Wednesday 12 May 2010 Aniwa Island 19 14’S,  169 35’E

So here we are at Aniwa, an island no more than 50 metres high, surrounded by coral and with about 600 inhabitants spread over 3 villages.  After a glorious sail through the night we arrived refreshed around 7:00am, ready for breakfast and in good time to set up the clinic in the main village.  The only vehicle on the island transported the boxes the 10  minutes to the dispensary where a slow stream of patients were seen.  One key observation of the medical team was that the health of the Aniwans was no where near that of the Futunans, in terms of blood pressure and diabetes.  It would seem that the further you are from shops selling western food and the more you engage in physical exercise and the more mountainous is your island, the healthier you are – something in that for all of us I think.

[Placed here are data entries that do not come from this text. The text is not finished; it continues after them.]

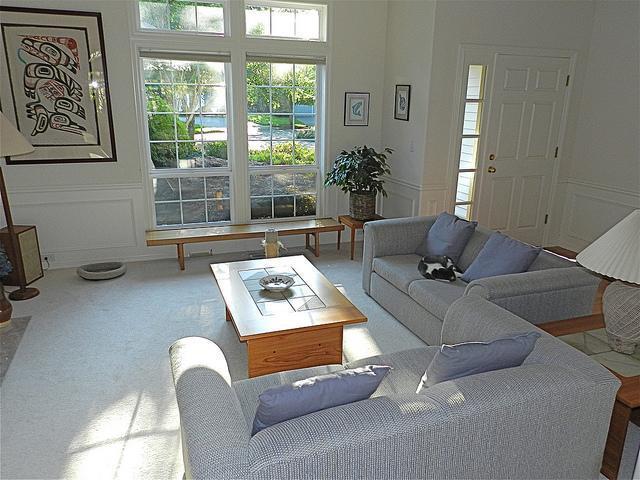How many couches can be seen?
Give a very brief answer. 2. How many people are playing tennis?
Give a very brief answer. 0. 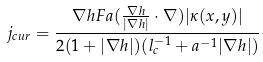Convert formula to latex. <formula><loc_0><loc_0><loc_500><loc_500>j _ { c u r } = \frac { \nabla h F a ( \frac { \nabla h } { | \nabla h | } \cdot \nabla ) | \kappa ( x , y ) | } { 2 ( 1 + | \nabla h | ) ( l _ { c } ^ { - 1 } + a ^ { - 1 } | \nabla h | ) }</formula> 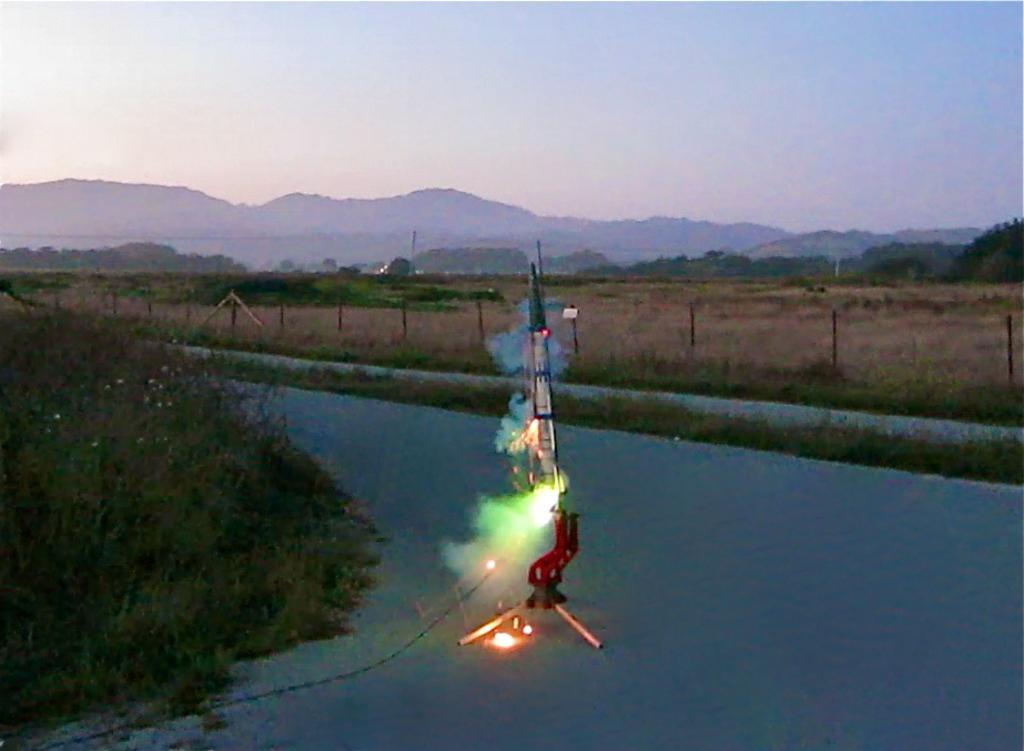Please provide a concise description of this image. In this image there is a rocket on the road. On the left side of the image there are trees and in the background there are a few rods, trees, mountains and the sky. 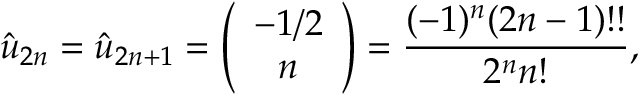Convert formula to latex. <formula><loc_0><loc_0><loc_500><loc_500>\hat { u } _ { 2 n } = \hat { u } _ { 2 n + 1 } = \left ( \begin{array} { c } { - 1 / 2 } \\ { n } \end{array} \right ) = { \frac { ( - 1 ) ^ { n } ( 2 n - 1 ) ! ! } { 2 ^ { n } n ! } } ,</formula> 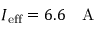Convert formula to latex. <formula><loc_0><loc_0><loc_500><loc_500>I _ { e f f } = 6 . 6 A</formula> 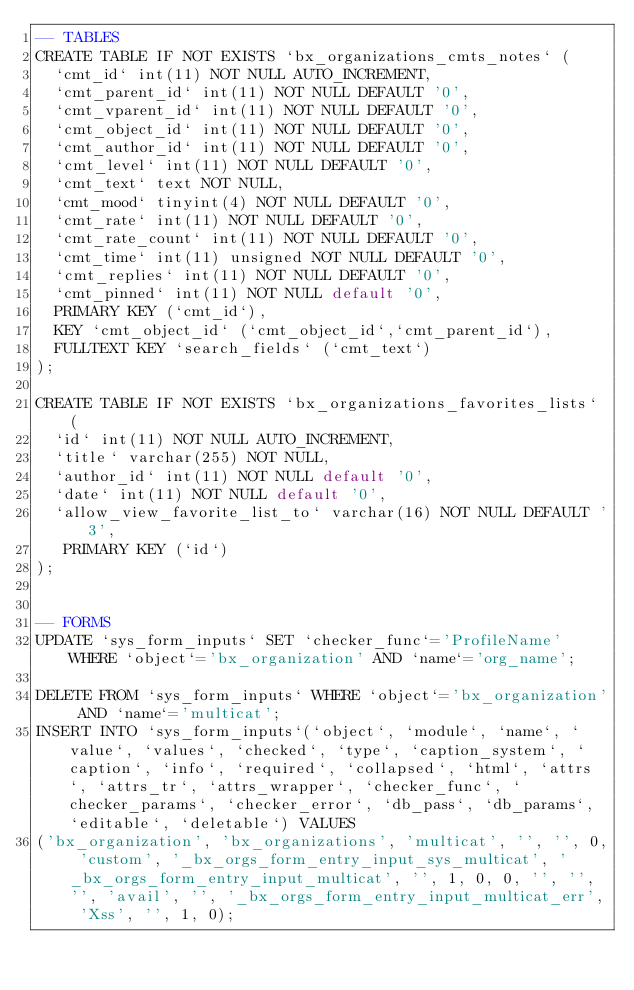Convert code to text. <code><loc_0><loc_0><loc_500><loc_500><_SQL_>-- TABLES
CREATE TABLE IF NOT EXISTS `bx_organizations_cmts_notes` (
  `cmt_id` int(11) NOT NULL AUTO_INCREMENT,
  `cmt_parent_id` int(11) NOT NULL DEFAULT '0',
  `cmt_vparent_id` int(11) NOT NULL DEFAULT '0',
  `cmt_object_id` int(11) NOT NULL DEFAULT '0',
  `cmt_author_id` int(11) NOT NULL DEFAULT '0',
  `cmt_level` int(11) NOT NULL DEFAULT '0',
  `cmt_text` text NOT NULL,
  `cmt_mood` tinyint(4) NOT NULL DEFAULT '0',
  `cmt_rate` int(11) NOT NULL DEFAULT '0',
  `cmt_rate_count` int(11) NOT NULL DEFAULT '0',
  `cmt_time` int(11) unsigned NOT NULL DEFAULT '0',
  `cmt_replies` int(11) NOT NULL DEFAULT '0',
  `cmt_pinned` int(11) NOT NULL default '0',
  PRIMARY KEY (`cmt_id`),
  KEY `cmt_object_id` (`cmt_object_id`,`cmt_parent_id`),
  FULLTEXT KEY `search_fields` (`cmt_text`)
);

CREATE TABLE IF NOT EXISTS `bx_organizations_favorites_lists` (
  `id` int(11) NOT NULL AUTO_INCREMENT,
  `title` varchar(255) NOT NULL,
  `author_id` int(11) NOT NULL default '0',
  `date` int(11) NOT NULL default '0',
  `allow_view_favorite_list_to` varchar(16) NOT NULL DEFAULT '3',
   PRIMARY KEY (`id`)
);


-- FORMS
UPDATE `sys_form_inputs` SET `checker_func`='ProfileName' WHERE `object`='bx_organization' AND `name`='org_name';

DELETE FROM `sys_form_inputs` WHERE `object`='bx_organization' AND `name`='multicat';
INSERT INTO `sys_form_inputs`(`object`, `module`, `name`, `value`, `values`, `checked`, `type`, `caption_system`, `caption`, `info`, `required`, `collapsed`, `html`, `attrs`, `attrs_tr`, `attrs_wrapper`, `checker_func`, `checker_params`, `checker_error`, `db_pass`, `db_params`, `editable`, `deletable`) VALUES 
('bx_organization', 'bx_organizations', 'multicat', '', '', 0, 'custom', '_bx_orgs_form_entry_input_sys_multicat', '_bx_orgs_form_entry_input_multicat', '', 1, 0, 0, '', '', '', 'avail', '', '_bx_orgs_form_entry_input_multicat_err', 'Xss', '', 1, 0);

</code>

By mid afternoon the clinic wound down and so it was decided that everyone would make their way back to the boat and relax.  The plan was for everyone to go aboard before sunset, have dinner, then go to bed, with the sailors getting the ship away around 3:00am in order to arrive at our next destination – Port Resolution on Tanna Island, at dawn; a short hop south west of about 20 miles.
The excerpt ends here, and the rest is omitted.